3. Listening to Joss singing his pre-school songs as he played in the sandbox yesterday.  I want to cherish and respect his shyness, but I have worried that it might lead him to loneliness or a sense of being disconnected from others.  Instead, his quiet observation of what goes on around him seems to give him a sense of belonging and participating.  May it always be so.
4. The gravid peonies and poppies, buds like eggs, waiting, swelling, stretching.
5. Mary Oliver.  Her words inevitably lead me to deeper places.  Secretly (not anymore, I guess) I think of her as my–as our–priestess.  Her words mediate a connection between the mundane me and my deeper self, between me and the Universe, and Beauty.  Oh, what will you do with your one wild and precious life?

May we walk in Beauty!

the trees obscure the water towers

I am entering a poem in a contest.  Robert Lee Brewer, the host of the Poetic Asides blog, has initiated a contest using his book as the basis.  Take one of his poems, and re-craft or respond or re-work it in some way.  I love the conversational nature of this.  It’s part of what I want poetry to be–conversation.  I don’t know if it’s ethically kosher to type up his poem and put it here next to mine without having asked him first, especially since I don’t have the know-how to indent his lines the way he did.  His is titled “the horizon is marked by water towers overlooking trees,” and the first line was “i’m through with you.”  Mine is a response, and I have patterned it pretty exactly after his, though with a rather different tone.
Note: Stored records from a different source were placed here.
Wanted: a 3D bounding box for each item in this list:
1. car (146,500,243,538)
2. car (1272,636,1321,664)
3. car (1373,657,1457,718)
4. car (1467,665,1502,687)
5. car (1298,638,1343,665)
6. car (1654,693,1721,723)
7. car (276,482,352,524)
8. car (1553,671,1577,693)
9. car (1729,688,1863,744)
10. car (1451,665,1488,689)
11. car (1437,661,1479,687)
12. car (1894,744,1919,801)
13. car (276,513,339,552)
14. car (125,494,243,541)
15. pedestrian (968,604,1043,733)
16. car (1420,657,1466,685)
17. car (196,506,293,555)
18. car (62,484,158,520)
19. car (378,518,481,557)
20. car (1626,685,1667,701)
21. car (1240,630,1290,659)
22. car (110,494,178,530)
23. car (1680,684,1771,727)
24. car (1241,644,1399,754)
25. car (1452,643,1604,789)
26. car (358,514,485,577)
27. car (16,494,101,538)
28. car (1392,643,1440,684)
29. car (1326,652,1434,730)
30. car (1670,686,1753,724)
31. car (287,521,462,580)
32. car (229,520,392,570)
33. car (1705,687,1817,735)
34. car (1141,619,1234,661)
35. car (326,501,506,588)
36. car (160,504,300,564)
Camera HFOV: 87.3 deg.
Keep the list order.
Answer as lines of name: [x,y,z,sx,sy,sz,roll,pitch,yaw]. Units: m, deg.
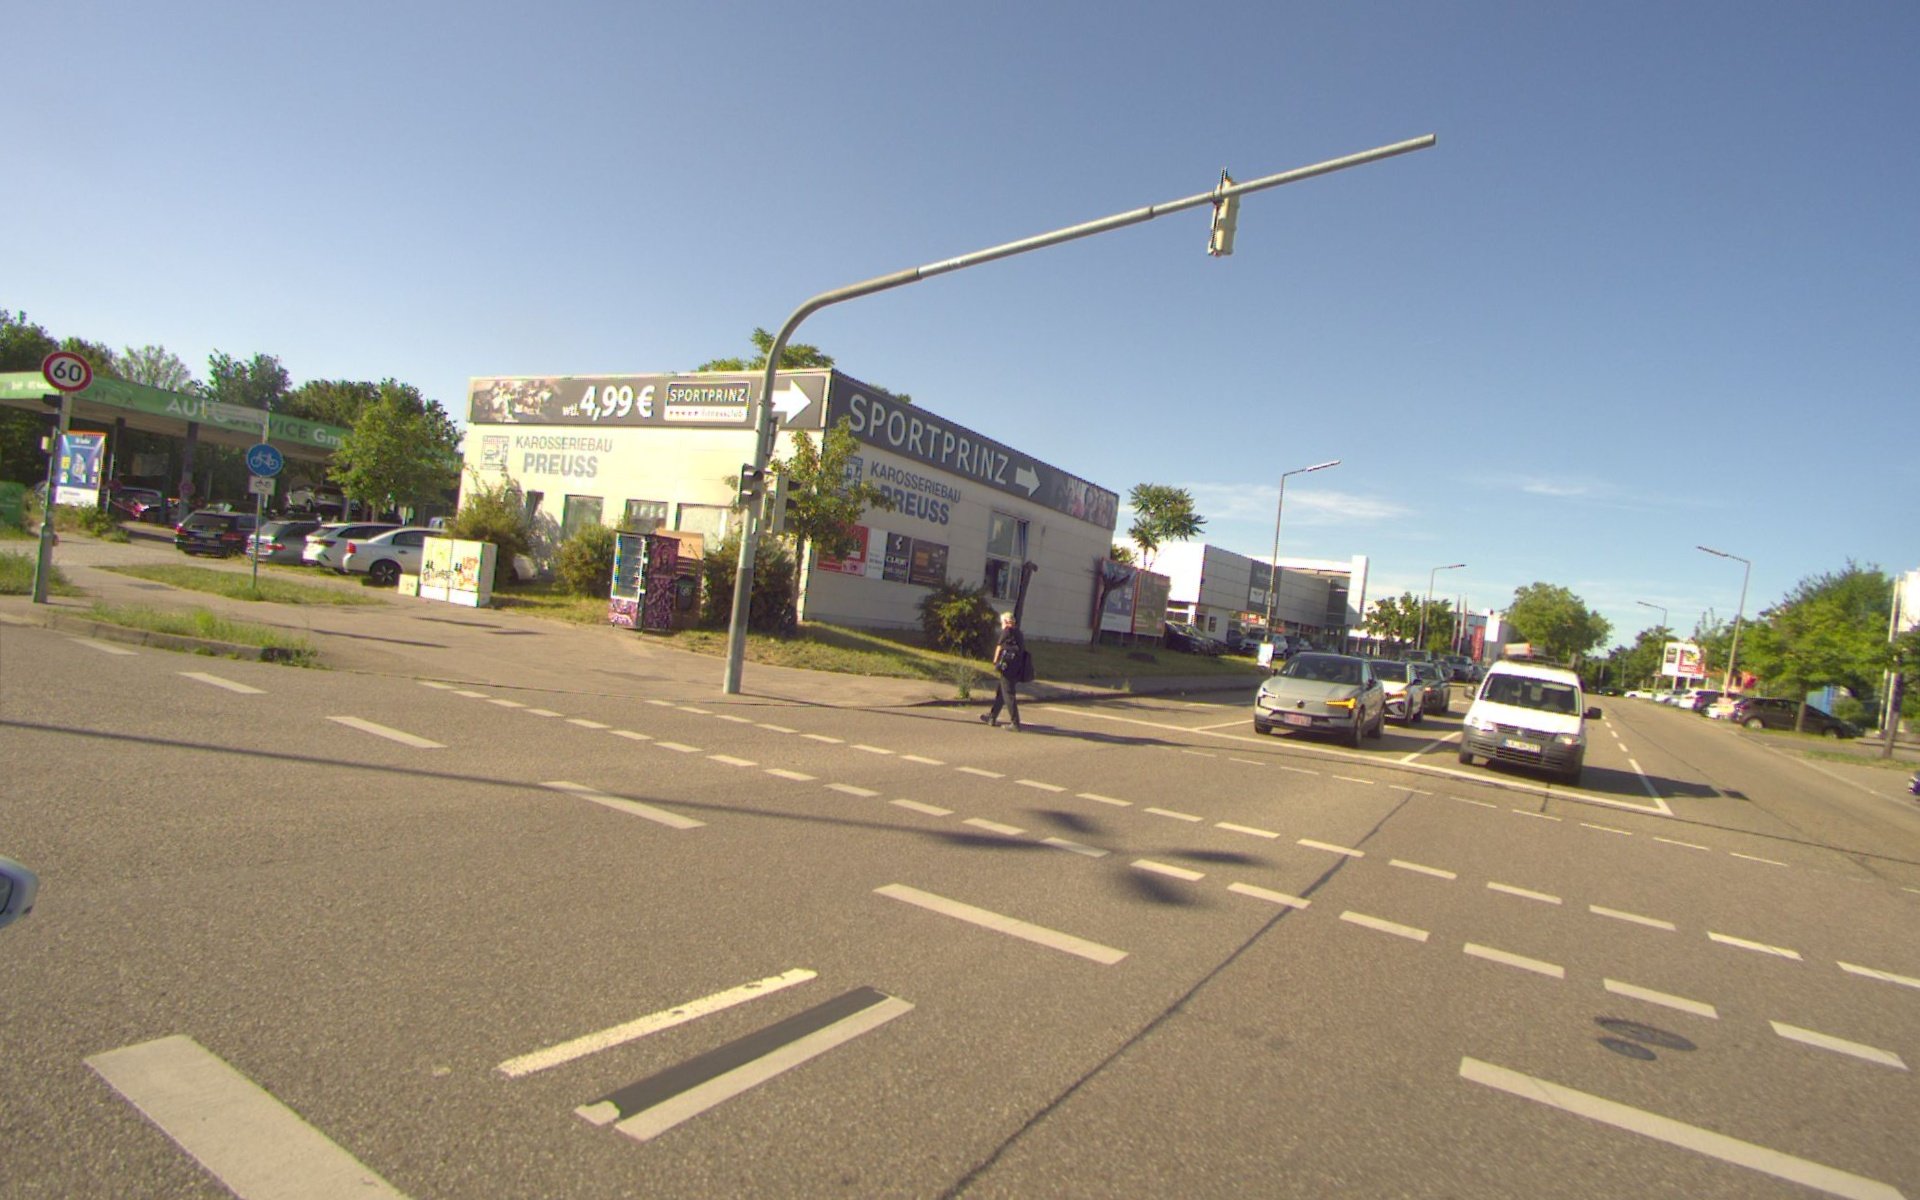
car: [-43.559,-4.599,57.293,1.668,1.535,3.995,6,0,27]
car: [21.631,3.225,64.660,1.754,1.379,3.991,6,-3,36]
car: [14.186,2.684,31.273,1.779,1.609,3.922,5,-1,32]
car: [45.942,6.671,88.087,1.970,1.618,3.985,6,0,37]
car: [24.773,3.551,69.061,1.754,1.379,3.991,6,-3,36]
car: [58.872,8.720,81.458,4.081,1.874,1.719,6,-1,31]
car: [-34.188,-5.135,53.248,3.716,1.777,1.920,6,0,33]
car: [67.112,9.078,111.559,1.679,2.036,3.987,6,-3,39]
car: [37.725,5.220,45.536,4.289,1.858,1.719,6,-1,31]
car: [42.112,6.373,83.109,1.970,1.618,3.986,7,0,37]
car: [37.292,5.527,75.333,1.970,1.618,3.986,7,0,37]
car: [22.290,3.892,20.587,4.288,1.137,1.720,6,-1,30]
car: [-29.698,-3.052,45.883,1.672,1.437,3.682,8,-1,-24]
car: [-37.743,-4.010,49.014,3.929,1.503,2.000,8,-2,-5]
pedestrian: [0.663,0.981,14.467,0.607,1.737,0.758,7,0,31]
car: [33.527,4.937,69.790,1.970,1.663,3.985,6,0,37]
car: [-31.751,-3.097,44.635,3.934,1.666,1.998,6,-2,32]
car: [-50.941,-5.856,60.357,1.706,1.551,4.038,6,1,33]
car: [-23.926,-2.801,45.478,1.818,1.569,3.761,4,3,31]
car: [83.918,11.373,123.022,3.936,1.379,1.778,6,-2,34]
car: [18.432,2.703,60.768,1.779,1.401,3.923,6,-1,32]
car: [-47.169,-5.107,58.143,4.067,1.625,1.717,6,-2,32]
car: [49.050,6.728,64.548,4.289,2.044,1.719,7,0,31]
car: [6.890,1.803,18.970,1.871,1.665,4.094,5,-1,32]
car: [9.853,1.927,17.336,1.841,1.957,4.687,6,-1,32]
car: [-18.688,-1.907,34.847,4.518,1.807,1.683,6,3,29]
car: [-41.232,-3.844,45.995,4.179,1.592,1.746,7,0,33]
car: [26.870,3.776,59.253,1.711,1.991,3.992,6,-2,35]
car: [10.575,2.238,25.176,1.779,1.609,3.922,5,-1,32]
car: [52.640,7.357,70.555,4.289,2.007,1.719,6,-1,31]
car: [-16.325,-1.386,28.191,1.701,1.474,3.902,7,6,43]
car: [-19.085,-1.616,29.697,1.811,1.310,3.599,6,6,33]
car: [42.365,5.833,53.321,4.289,1.858,1.719,7,0,31]
car: [11.129,1.951,49.204,3.935,1.503,1.779,6,-2,33]
car: [-13.905,-1.421,25.962,3.944,2.044,1.673,0,7,-26]
car: [-22.900,-2.043,31.793,1.870,1.551,4.818,5,2,-15]
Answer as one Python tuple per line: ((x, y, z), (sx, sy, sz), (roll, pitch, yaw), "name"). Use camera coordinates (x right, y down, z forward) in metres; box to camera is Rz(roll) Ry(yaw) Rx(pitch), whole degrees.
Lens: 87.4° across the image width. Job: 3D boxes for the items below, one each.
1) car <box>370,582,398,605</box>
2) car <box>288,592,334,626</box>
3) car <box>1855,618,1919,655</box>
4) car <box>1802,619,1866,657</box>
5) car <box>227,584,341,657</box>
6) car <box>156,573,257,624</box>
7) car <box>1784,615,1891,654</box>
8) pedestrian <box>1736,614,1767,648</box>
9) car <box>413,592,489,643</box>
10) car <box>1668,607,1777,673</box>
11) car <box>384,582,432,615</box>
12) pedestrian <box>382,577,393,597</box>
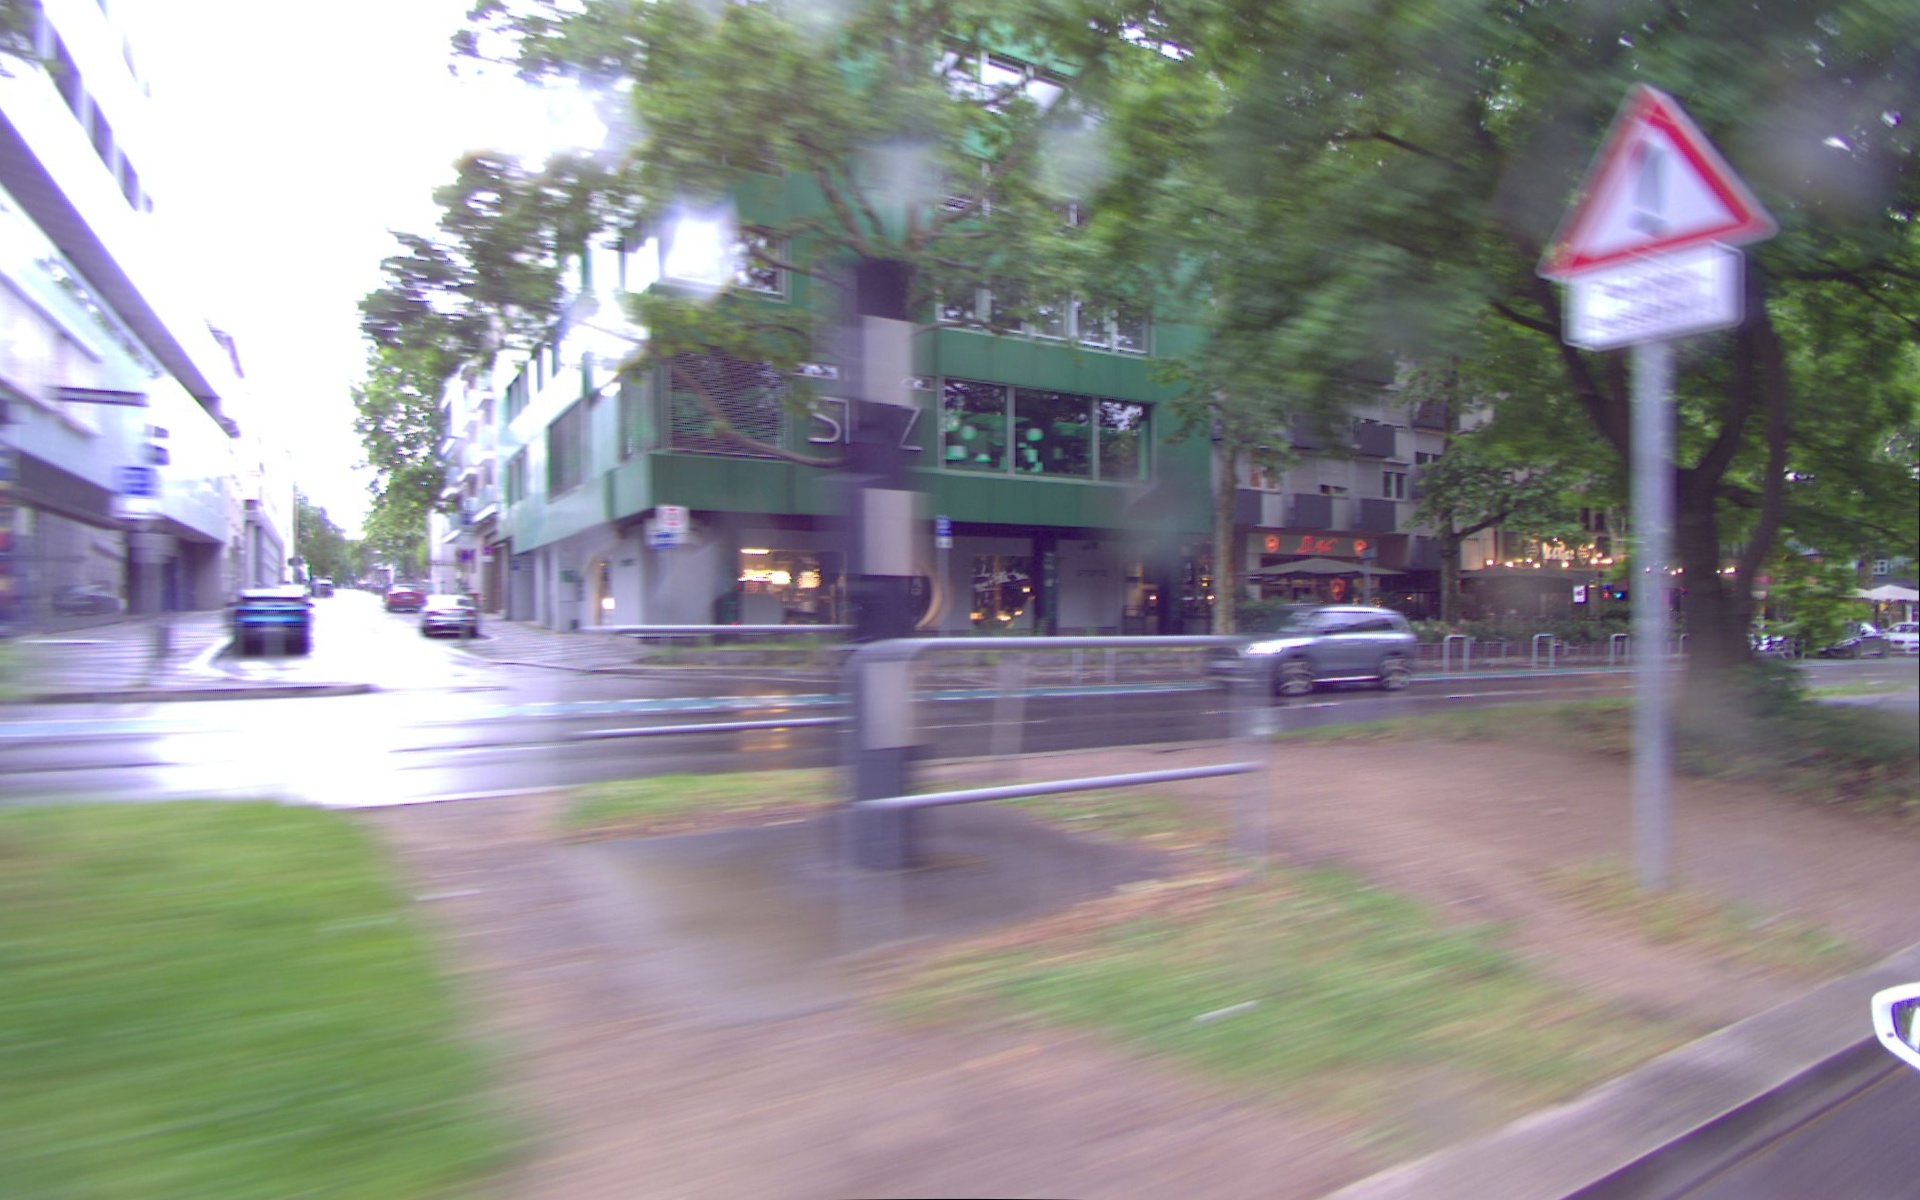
((-42.652, -0.497, 74.351), (1.686, 1.591, 3.823), (1, 0, -32), "car")
((-34.390, 0.444, 53.237), (1.979, 1.706, 3.963), (0, 0, -33), "car")
((39.820, 1.505, 42.253), (4.487, 1.388, 1.983), (0, 2, -31), "car")
((33.290, 1.413, 38.247), (2.662, 1.406, 1.045), (0, -1, -30), "car")
((-18.205, 0.549, 27.267), (1.976, 1.714, 4.967), (4, -2, -28), "car")
((-24.963, -0.005, 33.459), (1.976, 1.561, 4.967), (0, -1, -29), "car")
((33.879, 1.299, 38.761), (4.431, 1.413, 1.816), (1, 0, -31), "car")
((32.828, 1.273, 41.651), (0.923, 1.398, 0.758), (0, 0, -33), "pedestrian")
((-18.155, 0.574, 35.721), (1.979, 1.706, 3.963), (0, 0, -33), "car")
((20.838, 1.028, 27.383), (4.410, 1.648, 1.702), (0, 0, -44), "car")
((-29.875, -0.076, 54.305), (1.979, 1.706, 3.963), (0, 0, -33), "car")
((-47.525, -1.109, 83.417), (0.549, 1.636, 0.565), (2, 0, 13), "pedestrian")
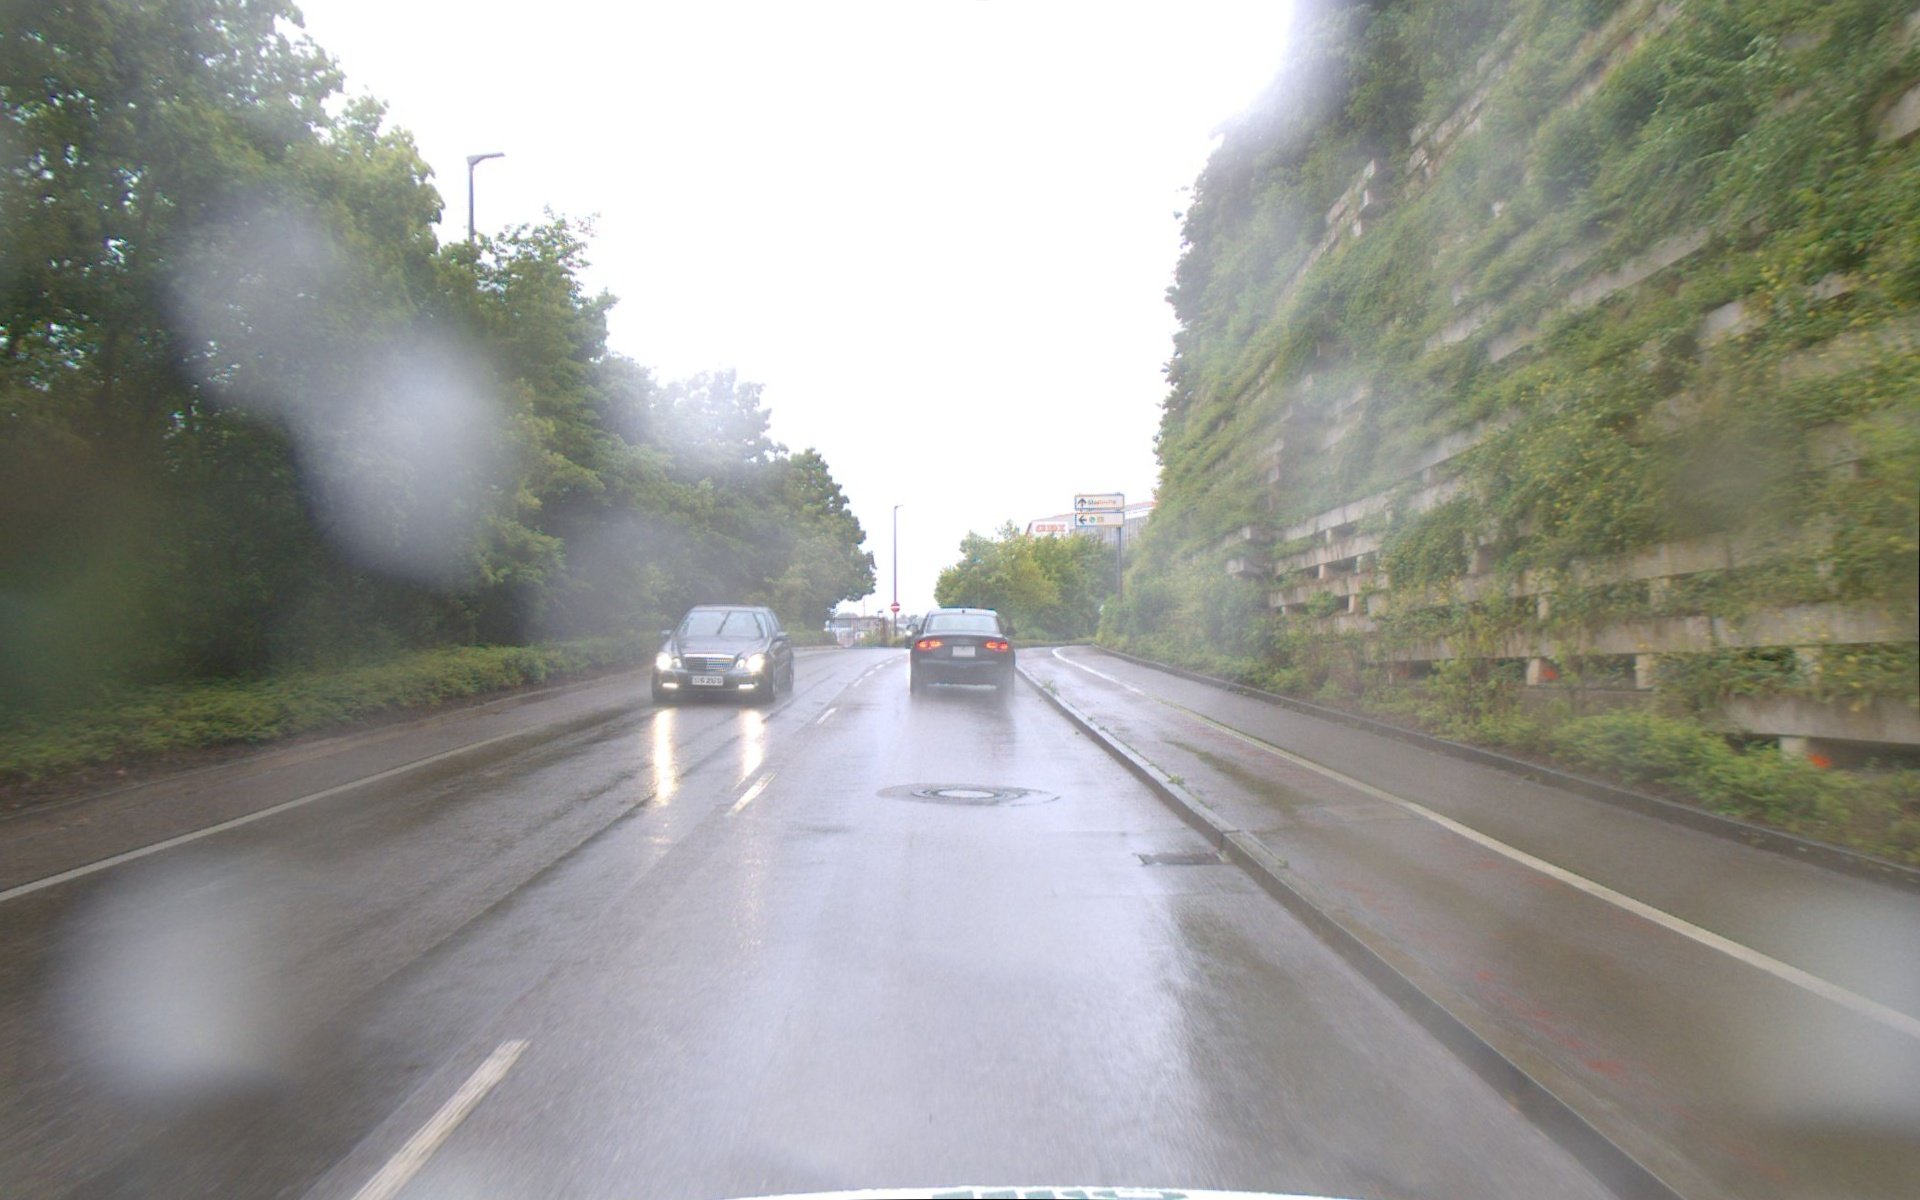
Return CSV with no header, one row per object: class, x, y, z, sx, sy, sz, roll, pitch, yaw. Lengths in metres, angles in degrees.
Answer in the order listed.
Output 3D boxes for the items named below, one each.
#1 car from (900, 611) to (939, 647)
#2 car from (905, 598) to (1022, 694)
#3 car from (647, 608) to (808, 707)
car,-2.019,1.440,82.787,1.792,1.736,4.333,0,0,1
car,0.123,0.732,28.409,1.853,1.518,4.208,0,0,2
car,-3.528,0.838,25.854,1.953,1.388,4.250,0,0,-1

the trees obscure the water towers
by Elizabeth Weaver-Kreider

you may think you’re through
you with your stoic eyes
building elaborate fences

to escape my rabbit heart
last october and recite elegies
to fierce women pregnant with desire

but you’re not through with me
and my fine road to hell
paved with change and intention

and change has escaped your professorial eye
your old man’s disillusion
there’s so much we could’ve

but you can’t be really through
because tonight when I am out dancing
alone in fields under the moon

releasing the story of what was
you will come to me like leaves swirling
like the wild geese over the meadow

 

Gratitude List:
1. Poetic conversation
2. How ideas spark ideas, how creative thought fires creative thought
3. The peaceful faces of sleeping children
4. Awakening to birdsong (even if it gets me up way too early these days)
5. You.  You hold me and the rest of us so beautifully in your bowl of heart.  You teach me how to ask for help.  You show me light through the brambles.  You remind me to shoulder my ax, to notice the bright birds, to be careful on the path.  Mostly, you remind me not to despair because the world cannot be on the brink of disaster with helpers like you in it.

May we walk in Beauty!

Riff

I’m just going to riff on some sounds this morning, I think, get a train of thought going down the track and see where it goes.  Don’t mind me.  It all began when a friend posted a photo of a coyote on my FB page this morning.  Who knows what will come of it?  Sort of like the day that is being born at the moment.  I might just try to riff my way through the day a little bit, too.  Here goes:

when you post the photo
of that lonesome fellow
coyote on the go

when you know
how that long road
leads to nowhere
to nowhere

when you venture
through the veils
in the center of your dreams
in the very seeming center
of your dreams

then you believe
then you know
that the answer
will not show itself
in words

 

Gratitude List:
1. Word play
2. Sense of impending rain
3. Good solid sleep
4. More than one possibility
5. Writing on the porch

May we walk in Beauty!

Who is Pushing them in?

My father, a physician, used to give talks about healthy diet and lifestyle.  One story that he used to tell has really stuck with me.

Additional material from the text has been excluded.